The swathe of Indian Ocean where acoustic transmissions were detected was Thursday ruled out as the crash zone of missing Malaysia Airlines Flight 370 after a lengthy underwater search.
The Australian-led Joint Agency Coordination Centre said that the search in the area using a mini sub where the ping-emitting beacons were believed detected in early April was now complete.
"The Joint Agency Coordination Centre can advise that no signs of aircraft debris have been found by the autonomous underwater vehicle since it joined the search effort," JACC said.
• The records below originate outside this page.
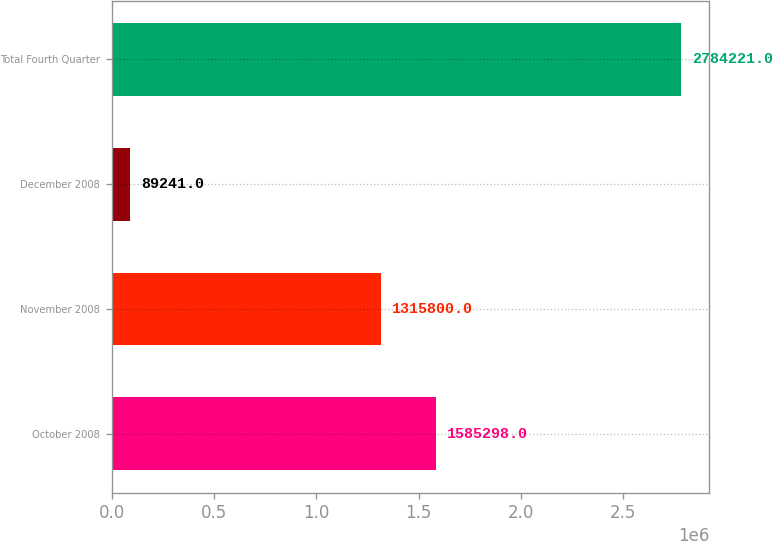Convert chart to OTSL. <chart><loc_0><loc_0><loc_500><loc_500><bar_chart><fcel>October 2008<fcel>November 2008<fcel>December 2008<fcel>Total Fourth Quarter<nl><fcel>1.5853e+06<fcel>1.3158e+06<fcel>89241<fcel>2.78422e+06<nl></chart> 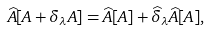Convert formula to latex. <formula><loc_0><loc_0><loc_500><loc_500>\widehat { A } [ A + \delta _ { \lambda } A ] = \widehat { A } [ A ] + \widehat { \delta } _ { \lambda } \widehat { A } [ A ] ,</formula> 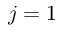Convert formula to latex. <formula><loc_0><loc_0><loc_500><loc_500>j = 1</formula>

It added that the Australian Transport Safety Bureau had advised that "the area can now be discounted as the final resting place of MH370".
Australian ship Ocean Shield, which is carrying the US Bluefin-21 submersible, has now left the area after the sub scoured 850 square kilometres (340 square miles) of ocean for the jet that vanished on March 8 carrying 239 people.
The end of the underwater mission came as the US Navy's deputy director of ocean engineering Michael Dean told CNN that the pings at the heart of the search were no longer believed to have come from the plane's black box.
A US Navy spokesman later said his comments were "speculative and premature". JACC did not comment.
JACC said the operation would now move to the next phase involving sophisticated equipment to scan the unmapped ocean bed with all existing information and analysis reviewed to define a search zone of up to 60,000 square kilometres.
A Chinese survey ship, Zhu Kezhen, is currently mapping areas of the sea floor in preparation for the commercially contracted deep ocean search which is expected to begin in August and take up to 12 months, JACC said.